Snape almost choked. "Headmaster what you do in the privacy of your own…erm office or bedroom is not my business." He managed to say.

Dumbledore's eyes twinkled with amusement. "You misunderstand me Severus. Google is an internet search engine. You type in whatever it is you're looking to find in the search box and then get the most relevant websites listed. I have looked up Albus Dumbledore occasionally. And other people I know."

**

Curiosity got the better of Snape and that evening he transfigured a Muggle television from one of the cats roaming the castle and, sitting in the solitude of his dungeon office, he tuned into "What Not To Wear" with a fair bit of trepidation. He had thought about the fact that he could probably do with some moral support and in that matter Lalita- the woman who would be his girlfriend if Snape let her- would have only been too happy to oblige, but then Snape decided that he didn't really want her to witness his humiliation. It didn't occur to him that more than likely she was watching the show elsewhere, or if it did, he chose not to think about it.
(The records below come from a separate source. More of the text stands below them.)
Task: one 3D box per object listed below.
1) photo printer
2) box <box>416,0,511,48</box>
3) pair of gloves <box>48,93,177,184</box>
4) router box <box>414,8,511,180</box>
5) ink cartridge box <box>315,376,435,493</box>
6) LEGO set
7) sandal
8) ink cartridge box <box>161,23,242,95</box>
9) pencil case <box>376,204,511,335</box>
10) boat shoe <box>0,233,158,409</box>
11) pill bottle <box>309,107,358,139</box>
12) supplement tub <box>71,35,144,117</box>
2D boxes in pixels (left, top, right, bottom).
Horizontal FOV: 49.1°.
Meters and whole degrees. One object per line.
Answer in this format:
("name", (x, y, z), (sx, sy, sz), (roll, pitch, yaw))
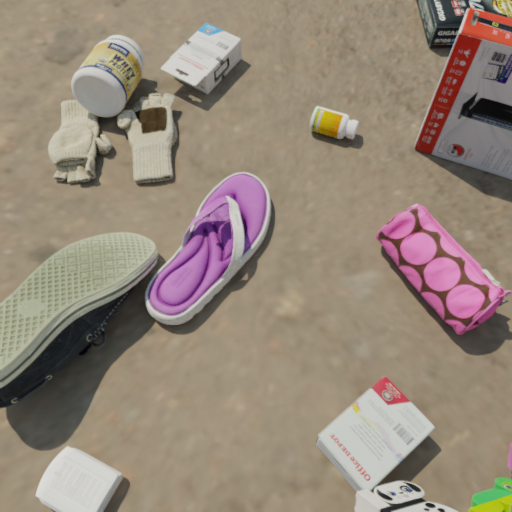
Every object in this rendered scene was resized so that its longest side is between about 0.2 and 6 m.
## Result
("photo printer", (-2.337, 3.001, 7.321), (0.926, 0.322, 0.771), (23, 61, 12))
("box", (4.481, -5.488, 11.881), (1.997, 0.578, 2.513), (-1, 61, -1))
("pair of gloves", (-2.597, -2.174, 10.158), (2.282, 0.400, 1.940), (0, 61, 1))
("router box", (4.060, -2.431, 9.032), (2.327, 2.593, 0.633), (20, 62, 11))
("ink cartridge box", (1.568, 2.415, 7.527), (1.285, 0.532, 0.936), (-36, 67, -18))
("LEGO set", (2.435, 3.097, 6.655), (3.542, 1.453, 1.351), (1, 97, -30))
("sandal", (-0.655, -0.245, 8.880), (1.237, 0.747, 3.039), (23, 63, 12))
("ink cartridge box", (-1.059, -3.778, 10.973), (0.881, 0.515, 1.519), (30, 65, 16))
("pencil case", (2.804, 0.127, 8.546), (0.948, 0.979, 2.089), (-18, 60, -42))
("boat shoe", (-2.764, 0.819, 8.151), (1.284, 1.071, 3.441), (26, 49, 21))
("pill bottle", (1.428, -2.407, 10.247), (0.818, 0.454, 0.454), (19, 63, 11))
("supplement tub", (-2.705, -3.361, 10.403), (1.002, 1.002, 1.387), (11, 52, 6))
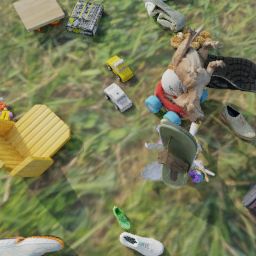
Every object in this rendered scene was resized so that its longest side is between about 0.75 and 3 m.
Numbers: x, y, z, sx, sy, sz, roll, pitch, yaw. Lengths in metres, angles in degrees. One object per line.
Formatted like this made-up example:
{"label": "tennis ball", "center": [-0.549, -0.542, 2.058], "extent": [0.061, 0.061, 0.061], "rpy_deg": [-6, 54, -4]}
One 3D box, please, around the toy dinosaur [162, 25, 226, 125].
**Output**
{"label": "toy dinosaur", "center": [1.638, -1.568, 7.701], "extent": [1.133, 1.789, 2.639], "rpy_deg": [6, 68, -19]}

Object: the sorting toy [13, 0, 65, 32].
{"label": "sorting toy", "center": [-3.506, -4.560, 11.197], "extent": [1.545, 0.538, 1.536], "rpy_deg": [-28, 70, -12]}

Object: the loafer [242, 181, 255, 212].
{"label": "loafer", "center": [4.457, 1.565, 8.316], "extent": [0.828, 0.945, 2.628], "rpy_deg": [43, 70, 13]}

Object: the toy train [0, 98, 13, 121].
{"label": "toy train", "center": [-4.447, -0.361, 9.466], "extent": [0.971, 0.360, 1.293], "rpy_deg": [27, 66, 13]}

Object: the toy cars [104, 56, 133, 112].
{"label": "toy cars", "center": [-0.339, -1.686, 9.943], "extent": [1.035, 0.511, 2.308], "rpy_deg": [1, 66, 1]}

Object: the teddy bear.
{"label": "teddy bear", "center": [2.441, -3.432, 10.714], "extent": [1.583, 0.529, 1.148], "rpy_deg": [10, 64, 4]}

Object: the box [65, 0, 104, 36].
{"label": "box", "center": [-1.716, -4.427, 11.261], "extent": [1.156, 0.320, 1.443], "rpy_deg": [13, 67, 6]}

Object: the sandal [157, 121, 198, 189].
{"label": "sandal", "center": [1.180, 0.870, 7.183], "extent": [0.990, 2.493, 0.711], "rpy_deg": [20, 48, 29]}

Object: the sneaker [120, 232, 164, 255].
{"label": "sneaker", "center": [0.375, 3.225, 7.748], "extent": [1.260, 0.557, 0.474], "rpy_deg": [13, 65, 6]}

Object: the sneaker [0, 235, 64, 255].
{"label": "sneaker", "center": [-2.684, 3.431, 7.656], "extent": [1.916, 0.725, 0.881], "rpy_deg": [-5, 73, 6]}

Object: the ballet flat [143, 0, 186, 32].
{"label": "ballet flat", "center": [1.257, -4.608, 11.108], "extent": [2.291, 0.772, 0.730], "rpy_deg": [40, 76, 15]}

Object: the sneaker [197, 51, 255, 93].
{"label": "sneaker", "center": [3.060, -1.701, 9.071], "extent": [2.587, 1.133, 0.980], "rpy_deg": [20, 78, 9]}

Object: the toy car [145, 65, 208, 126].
{"label": "toy car", "center": [1.645, -1.252, 8.993], "extent": [1.733, 1.880, 1.663], "rpy_deg": [-42, 71, -16]}

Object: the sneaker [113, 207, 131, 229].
{"label": "sneaker", "center": [-0.196, 2.623, 8.146], "extent": [0.279, 0.315, 0.754], "rpy_deg": [-35, 71, -15]}

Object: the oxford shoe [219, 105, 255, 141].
{"label": "oxford shoe", "center": [3.655, -0.174, 9.262], "extent": [0.510, 0.531, 1.440], "rpy_deg": [-40, 72, -16]}

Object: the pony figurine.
{"label": "pony figurine", "center": [1.441, 0.677, 8.417], "extent": [2.027, 1.748, 2.099], "rpy_deg": [3, 47, -2]}

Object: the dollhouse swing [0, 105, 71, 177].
{"label": "dollhouse swing", "center": [-3.097, 0.173, 8.553], "extent": [2.016, 1.832, 1.772], "rpy_deg": [41, 93, 17]}
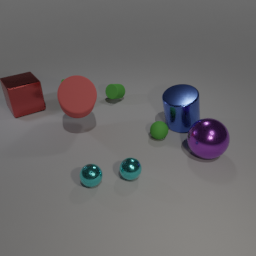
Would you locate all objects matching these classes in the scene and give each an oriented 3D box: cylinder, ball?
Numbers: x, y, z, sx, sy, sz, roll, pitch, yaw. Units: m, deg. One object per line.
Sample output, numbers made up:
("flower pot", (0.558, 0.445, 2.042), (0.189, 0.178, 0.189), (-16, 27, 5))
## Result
("cylinder", (-0.592, -1.731, 13.220), (0.700, 0.700, 0.700), (18, 17, 27))
("cylinder", (-1.925, -1.140, 10.639), (1.400, 1.400, 1.400), (-7, -4, -11))
("cylinder", (2.121, -0.778, 11.100), (1.400, 1.400, 1.400), (-8, 43, 8))
("ball", (-1.121, 1.434, 8.512), (0.700, 0.700, 0.700), (0, 32, 0))
("ball", (2.738, 0.360, 9.576), (1.400, 1.400, 1.400), (0, 32, 0))
("ball", (1.182, 0.085, 10.632), (0.700, 0.700, 0.700), (0, 32, 0))
("ball", (0.079, 1.269, 8.750), (0.700, 0.700, 0.700), (0, 32, 0))

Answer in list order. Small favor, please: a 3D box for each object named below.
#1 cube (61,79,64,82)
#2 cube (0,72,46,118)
("cube", (-2.652, -1.797, 12.837), (0.700, 0.700, 0.700), (0, 70, 38))
("cube", (-4.677, -1.515, 12.488), (1.400, 1.400, 1.400), (-21, 38, -27))
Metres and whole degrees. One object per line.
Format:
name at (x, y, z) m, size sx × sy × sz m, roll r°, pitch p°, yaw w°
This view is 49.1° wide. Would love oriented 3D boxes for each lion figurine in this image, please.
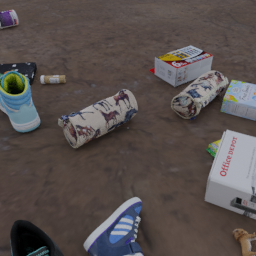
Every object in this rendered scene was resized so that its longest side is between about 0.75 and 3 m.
lion figurine at (2.537, 2.527, 5.987) m, size 0.498 × 0.295 × 0.813 m, roll -23°, pitch 38°, yaw 27°

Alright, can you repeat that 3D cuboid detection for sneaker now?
sneaker at (0.066, 2.399, 5.943) m, size 1.277 × 0.703 × 1.745 m, roll 37°, pitch 45°, yaw 23°
sneaker at (-3.924, -1.300, 9.542) m, size 1.131 × 1.857 × 2.845 m, roll -27°, pitch 45°, yaw -28°
sneaker at (-1.433, 2.869, 4.892) m, size 1.110 × 1.167 × 2.944 m, roll -25°, pitch 46°, yaw -30°

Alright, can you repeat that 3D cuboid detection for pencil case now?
pencil case at (-0.886, -0.398, 9.068) m, size 2.610 × 1.016 × 1.167 m, roll -29°, pitch 66°, yaw -30°
pencil case at (2.672, -1.246, 10.146) m, size 1.124 × 0.978 × 2.513 m, roll 12°, pitch 37°, yaw 41°

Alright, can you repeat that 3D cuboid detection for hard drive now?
hard drive at (-5.049, -2.296, 11.968) m, size 2.060 × 0.390 × 1.439 m, roll -4°, pitch 39°, yaw -6°

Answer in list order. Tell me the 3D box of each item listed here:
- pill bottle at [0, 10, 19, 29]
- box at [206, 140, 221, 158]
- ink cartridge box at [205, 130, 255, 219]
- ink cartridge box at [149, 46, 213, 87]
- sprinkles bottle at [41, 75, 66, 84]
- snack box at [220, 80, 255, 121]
pill bottle at (-7.522, -6.482, 16.806) m, size 1.611 × 0.897 × 0.897 m, roll -26°, pitch 45°, yaw -28°
box at (2.854, 0.604, 8.476) m, size 0.900 × 0.218 × 0.528 m, roll -20°, pitch 43°, yaw -20°
ink cartridge box at (3.339, 1.266, 6.857) m, size 2.467 × 1.022 × 1.811 m, roll 17°, pitch 49°, yaw 21°
ink cartridge box at (2.249, -2.822, 12.229) m, size 2.106 × 0.883 × 1.849 m, roll -24°, pitch 44°, yaw -26°
sprinkles bottle at (-3.107, -2.020, 11.665) m, size 0.991 × 0.338 × 0.338 m, roll -2°, pitch 39°, yaw -3°
snack box at (4.469, -0.973, 10.123) m, size 1.841 × 0.623 × 1.552 m, roll 16°, pitch 42°, yaw 21°
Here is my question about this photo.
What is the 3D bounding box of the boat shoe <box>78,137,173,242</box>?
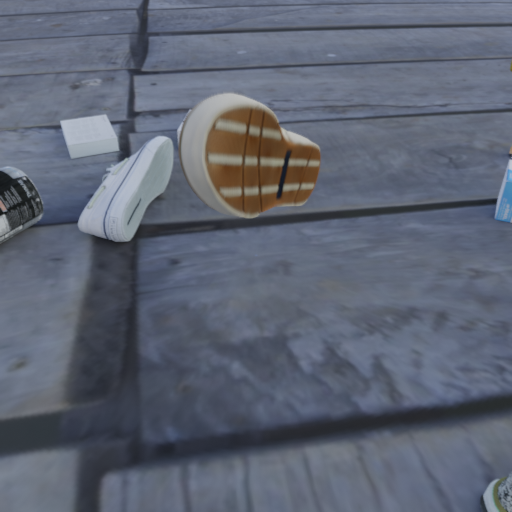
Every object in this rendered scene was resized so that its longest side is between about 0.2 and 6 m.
[{"bbox_3d":[-2.458,-1.446,10.719,0.991,1.092,2.968,8,39,9],"label":"boat shoe"}]

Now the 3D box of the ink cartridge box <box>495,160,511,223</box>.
[{"bbox_3d":[5.321,-1.102,10.443,1.406,0.881,0.904,15,39,18],"label":"ink cartridge box"}]

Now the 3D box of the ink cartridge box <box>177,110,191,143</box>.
[{"bbox_3d":[-1.262,-2.947,13.178,0.905,0.527,1.252,5,37,7],"label":"ink cartridge box"}]

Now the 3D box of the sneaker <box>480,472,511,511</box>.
[{"bbox_3d":[3.489,2.416,5.722,2.180,0.966,0.838,-4,37,-5],"label":"sneaker"}]

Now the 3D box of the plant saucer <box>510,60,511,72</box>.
[{"bbox_3d":[3.495,-2.532,6.727,0.716,0.716,0.174,12,34,21],"label":"plant saucer"}]

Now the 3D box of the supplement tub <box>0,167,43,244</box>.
[{"bbox_3d":[-4.773,-0.685,9.679,1.150,1.150,1.878,22,43,27],"label":"supplement tub"}]

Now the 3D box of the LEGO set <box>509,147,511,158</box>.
[{"bbox_3d":[6.452,-2.230,12.110,0.832,0.673,1.809,-21,42,-25],"label":"LEGO set"}]

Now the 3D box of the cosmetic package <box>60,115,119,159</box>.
[{"bbox_3d":[-3.917,-2.820,13.137,1.099,0.376,1.457,-15,39,-16],"label":"cosmetic package"}]

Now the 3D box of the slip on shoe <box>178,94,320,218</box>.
[{"bbox_3d":[-0.135,-0.981,5.504,0.828,1.040,2.735,19,13,20],"label":"slip on shoe"}]
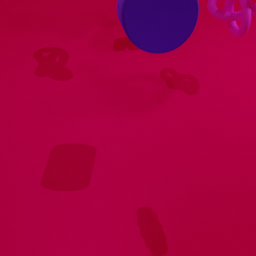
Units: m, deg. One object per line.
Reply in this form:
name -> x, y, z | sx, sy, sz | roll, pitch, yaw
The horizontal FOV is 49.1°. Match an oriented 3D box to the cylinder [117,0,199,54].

"Hi, I'm Trinie." The annoying woman's face came onto the television screen.

"And I'm Susannah." The second annoying woman's face popped up next to the first.

"And this is 'What Not To Wear.'" Both spoke at the same time.

"Tonight we're having a special edition of our top-rating show. Normally we target everyday citizens who have committed such crimes against fashion that if the law agreed they'd be locked up and the key thrown away. Normally we help those who need to know that leopard print belongs in the twentieth century not the twenty-first. Normally we educate those who think that Ugg Boots should be worn in public and that the name alone should give them a clue that they're one of the ugliest shoe choices ever made. But tonight, for something different, we're looking at celebrities." Trinie said.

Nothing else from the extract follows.